[EXERCISE] For this exercise, return exactly the lines of the material below that begin at the one with "Output 3D boxes" and stop after the one with "name;x;y;z;sx;sy;sz;roll;pitch;yaw".
=====
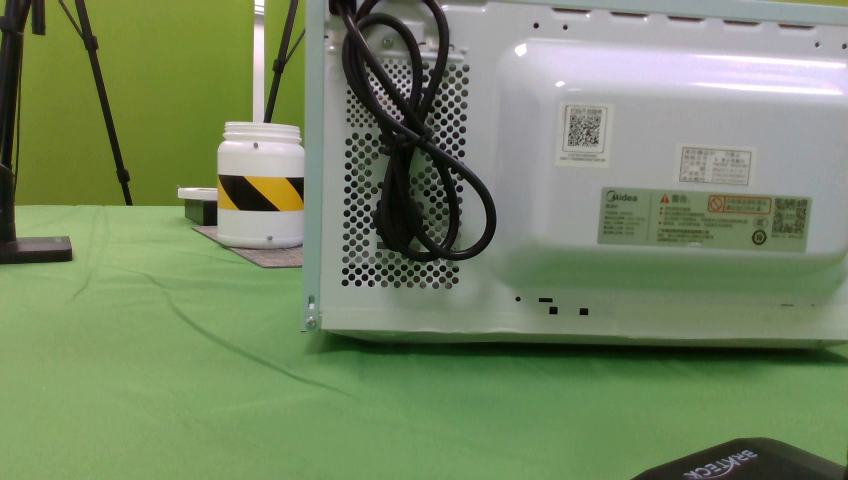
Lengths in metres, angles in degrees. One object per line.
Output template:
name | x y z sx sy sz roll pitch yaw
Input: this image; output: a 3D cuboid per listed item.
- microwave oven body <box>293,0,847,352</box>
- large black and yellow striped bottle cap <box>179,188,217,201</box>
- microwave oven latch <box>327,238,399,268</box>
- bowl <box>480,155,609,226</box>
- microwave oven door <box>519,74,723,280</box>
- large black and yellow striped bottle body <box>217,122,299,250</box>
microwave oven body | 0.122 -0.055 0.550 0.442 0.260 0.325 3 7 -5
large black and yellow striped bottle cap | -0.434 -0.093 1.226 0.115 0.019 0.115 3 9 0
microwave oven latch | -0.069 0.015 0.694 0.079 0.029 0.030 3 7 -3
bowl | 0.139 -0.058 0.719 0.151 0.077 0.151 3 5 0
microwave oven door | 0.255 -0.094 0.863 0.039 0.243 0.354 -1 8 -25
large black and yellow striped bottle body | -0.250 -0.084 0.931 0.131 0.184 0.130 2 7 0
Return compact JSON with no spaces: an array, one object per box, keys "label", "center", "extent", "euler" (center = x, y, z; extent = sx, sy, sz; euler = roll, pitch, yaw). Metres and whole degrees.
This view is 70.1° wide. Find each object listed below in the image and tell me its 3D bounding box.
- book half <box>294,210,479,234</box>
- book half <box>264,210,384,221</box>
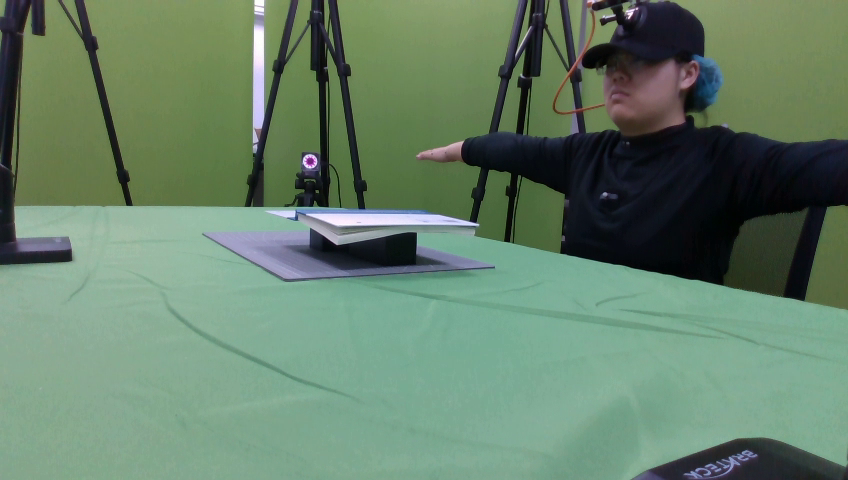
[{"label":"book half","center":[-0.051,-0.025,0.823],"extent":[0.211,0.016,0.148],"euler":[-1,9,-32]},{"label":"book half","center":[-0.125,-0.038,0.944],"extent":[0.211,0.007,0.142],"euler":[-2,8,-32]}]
=====
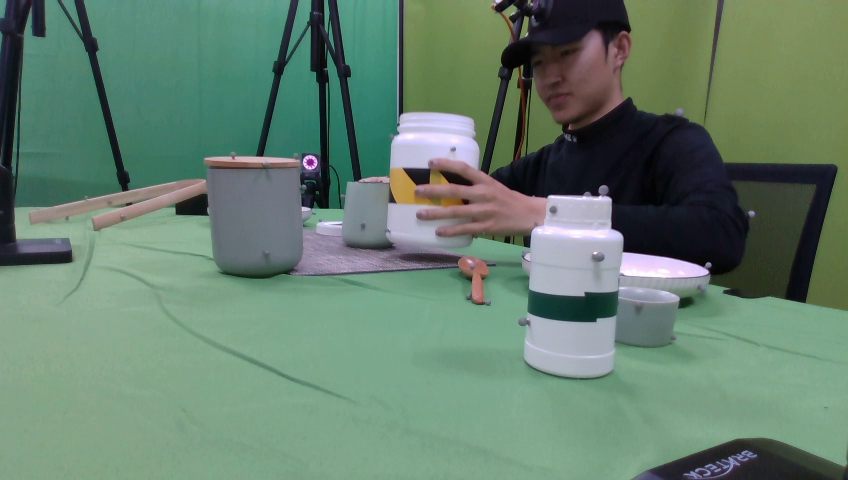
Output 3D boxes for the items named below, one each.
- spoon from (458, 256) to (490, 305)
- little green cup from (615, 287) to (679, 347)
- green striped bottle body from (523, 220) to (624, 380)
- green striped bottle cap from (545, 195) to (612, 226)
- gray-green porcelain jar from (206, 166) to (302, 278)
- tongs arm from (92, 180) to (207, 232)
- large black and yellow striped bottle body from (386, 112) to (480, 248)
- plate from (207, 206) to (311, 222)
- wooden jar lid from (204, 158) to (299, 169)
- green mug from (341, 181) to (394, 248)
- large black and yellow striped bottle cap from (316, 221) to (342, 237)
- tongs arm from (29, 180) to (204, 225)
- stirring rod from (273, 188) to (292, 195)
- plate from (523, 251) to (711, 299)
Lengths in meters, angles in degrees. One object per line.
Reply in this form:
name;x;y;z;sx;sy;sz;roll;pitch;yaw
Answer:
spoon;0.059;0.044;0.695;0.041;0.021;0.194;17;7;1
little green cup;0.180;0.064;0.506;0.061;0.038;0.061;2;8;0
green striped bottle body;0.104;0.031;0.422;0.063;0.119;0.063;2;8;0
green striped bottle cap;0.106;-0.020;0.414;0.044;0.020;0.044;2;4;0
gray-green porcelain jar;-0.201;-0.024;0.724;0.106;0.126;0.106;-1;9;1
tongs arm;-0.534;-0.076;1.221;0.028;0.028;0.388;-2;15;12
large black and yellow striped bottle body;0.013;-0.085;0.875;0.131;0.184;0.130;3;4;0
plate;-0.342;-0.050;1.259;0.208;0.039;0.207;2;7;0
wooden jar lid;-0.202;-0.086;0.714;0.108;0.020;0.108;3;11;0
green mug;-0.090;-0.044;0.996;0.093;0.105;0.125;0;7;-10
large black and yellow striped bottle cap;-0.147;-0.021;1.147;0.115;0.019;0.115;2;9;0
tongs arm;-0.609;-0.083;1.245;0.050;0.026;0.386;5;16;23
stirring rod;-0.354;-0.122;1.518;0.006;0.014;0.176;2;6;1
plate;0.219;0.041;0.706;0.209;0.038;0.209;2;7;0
=====
[YOUR RESPONSE]
Output 3D boxes for the items named below, one each.
- spoon from (458, 256) to (490, 305)
- little green cup from (615, 287) to (679, 347)
- green striped bottle body from (523, 220) to (624, 380)
- green striped bottle cap from (545, 195) to (612, 226)
- gray-green porcelain jar from (206, 166) to (302, 278)
- tongs arm from (92, 180) to (207, 232)
- large black and yellow striped bottle body from (386, 112) to (480, 248)
- plate from (207, 206) to (311, 222)
- wooden jar lid from (204, 158) to (299, 169)
- green mug from (341, 181) to (394, 248)
- large black and yellow striped bottle cap from (316, 221) to (342, 237)
- tongs arm from (29, 180) to (204, 225)
- stirring rod from (273, 188) to (292, 195)
- plate from (523, 251) to (711, 299)
Lengths in meters, angles in degrees. One object per line.
Reply in this form:
name;x;y;z;sx;sy;sz;roll;pitch;yaw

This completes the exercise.